Fantasia 2010: WE ARE WHAT WE ARE Review

Founder and Editor; Toronto, Canada (@AnarchistTodd)
Fantasia 2010: WE ARE WHAT WE ARE Review
[Our thanks to Lauren Baggett for the following review.]

I'll enthusiastically and without reservation echo what Todd Brown said back in March - this is the film of the year. An astoundingly assured debut from Jorge Michel Grau, We Are What We Are transcends its reputation as "the Mexican cannibal movie" and delivers an unflinching, uncompromising vision that is at once enthralling, frightening, and oddly beautiful.

The plot follows a poor family in Mexico City for a few intense days as they deal with the loss of their ne'er-do-well patriarch. With their father gone, not only their livelihood is under threat, but also their survival. "The ritual", a cannibalistic rite which is never explicitly explained, must continue. The family must be fed, and the task of bringing home human meat must be passed on. Alfredo, the eldest child, is unwillingly thrust into the role, and he is forced to deal with his despairing mother, his fanatical sister, and a younger brother, Julian, who is a twitching, ticking time bomb of poorly controlled violence.

Complications inevitably ensue - a couple of fame-hungry cops are on their tail, a power struggle between the two boys threatens to expose the family, and they are all growing ever more hungry with each passing hour.

The first few attempts to procure victims for the ritual backfire in one way or another, and as the family grows ever more desperate, they are each forced to make reckless and devastating decisions. This cannot end well, and Grau pilots the depiction of the family's downfall with a power that makes it impossible to look away.

Most of the film takes place within the stifling confines of the family home, a setting filled to the brim with ticking clocks (evidence of the father's meager occupation) and jars filled with mysterious liquids. I haven't seen an interior imbued with more character and menace since A Tale of Two Sisters. The three children, all teenaged, are forced to confide in each other when their mother is falling apart at the seams. The trio prowl the house like caged animals. They are as trapped in their lives as their bound victims are, and it shows in their fraught interactions with each other and in the way that they stare out the filthy windows at the world they cannot fully participate in. A lifetime of sublimation and indoctrination has tainted everything about them, even their sexuality (perhaps especially their sexuality). In a world where Sabina the pretty sister wields an axe with power and the mother dispatches men with shovels to the face, boundaries have been blurred to the point where incestuous undertones seem inevitable. To escape scrutiny, the family is forced to prey on those even more helpless than they, like street children and prostitutes. Though the scenes of the family hunting and dispatching their victims holds slivers of the blackest humor, the audience is never meant to delight in these killings. Grau grants the denizens of this hellish city a sympathy that Alfredo and company are incapable of feeling, and it is hard to root against those who would seek revenge against the family.

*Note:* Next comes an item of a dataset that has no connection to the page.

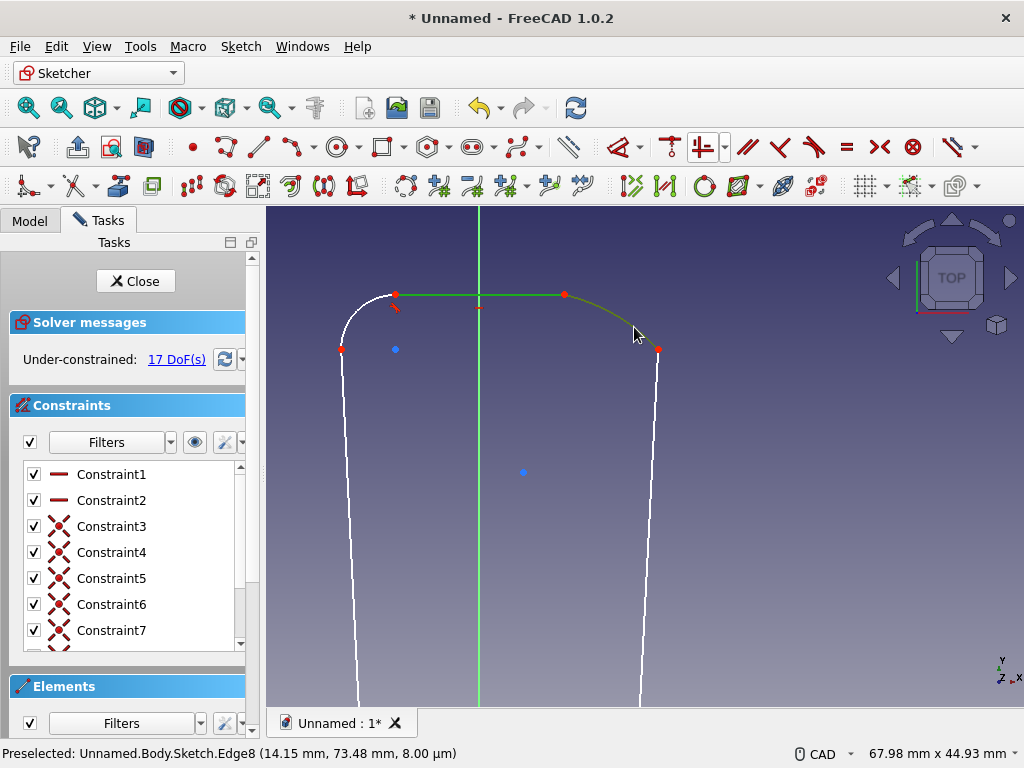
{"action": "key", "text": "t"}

The acting is remarkably strong all around. Francisco Berreiro as eldest child Alfredo is all hunched shoulders and restraint; his struggle between wanting a normal life with normal desires and following the twisted path his family has taken is heart-wrenching to watch. The sequence well into the film where Alfredo grants himself a moment of freedom and affection, all the while knowing that he will take the boy he is kissing back home to be eaten, is nothing short of tremendous. Alan Chávez as Julian, the psychopathic younger brother, also startles. His hair-trigger temper and indifference to suffering is rivaled only by the gentleness he shows toward his sister. (According to IMDB, Chávez was shot and killed by police last fall, adding an even darker subtext to the bloody finale).

Critics have been comparing this to Let The Right One In, which isn't entirely fair to either film. While both films share a slow burn and subtle pace that eventually boils over into violence, We Are What We Are remains firmly grounded in the realm of the non-supernatural. It also may be a better film than Let The Right One In, though that's an opinion that I'll have to form more fully over time and with more viewings. Gore fans may also be disappointed if they're expecting an hour and a half of Alfredo and company chowing down. That isn't Grau's mission, and while the violence is unflinching when shown, the director forces us to focus on the people just as much as the havoc they wreak. The characters are all trapped by their subservience to their violent lifestyle, but the violence of We Are What We Are never overwhelms the portrait of a family at the bloody, unthinkable brink.

It's a beautiful film, one that is still rumbling around in my brain twelve hours later, one that I'm sure will stay with me for some time to come. My only regret is that Fantasia only scheduled one screening - it seems to have fallen somewhat under the radar in this year's program, and it deserves more exposure. I certainly won't rest until I've seen it again; until then, We Are What We Are's horrible beauty will haunt me.